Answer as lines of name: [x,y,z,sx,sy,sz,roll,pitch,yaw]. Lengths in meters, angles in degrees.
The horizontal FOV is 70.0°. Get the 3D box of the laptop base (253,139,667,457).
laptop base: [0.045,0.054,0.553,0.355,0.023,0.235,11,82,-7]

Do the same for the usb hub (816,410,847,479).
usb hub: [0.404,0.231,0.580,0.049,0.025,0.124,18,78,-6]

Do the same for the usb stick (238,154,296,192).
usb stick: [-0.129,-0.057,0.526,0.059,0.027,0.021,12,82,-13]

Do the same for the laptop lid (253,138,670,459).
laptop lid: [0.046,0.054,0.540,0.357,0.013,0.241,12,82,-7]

********

◆ **Task to carry out**
The records above should be restated word for word in their entirety.

◆ **Written response**
Answer as lines of name: [x,y,z,sx,sy,sz,roll,pitch,yaw]. Lengths in meters, angles in degrees.
The horizontal FOV is 70.0°. Get the 3D box of the laptop base (253,139,667,457).
laptop base: [0.045,0.054,0.553,0.355,0.023,0.235,11,82,-7]

Do the same for the usb hub (816,410,847,479).
usb hub: [0.404,0.231,0.580,0.049,0.025,0.124,18,78,-6]

Do the same for the usb stick (238,154,296,192).
usb stick: [-0.129,-0.057,0.526,0.059,0.027,0.021,12,82,-13]

Do the same for the laptop lid (253,138,670,459).
laptop lid: [0.046,0.054,0.540,0.357,0.013,0.241,12,82,-7]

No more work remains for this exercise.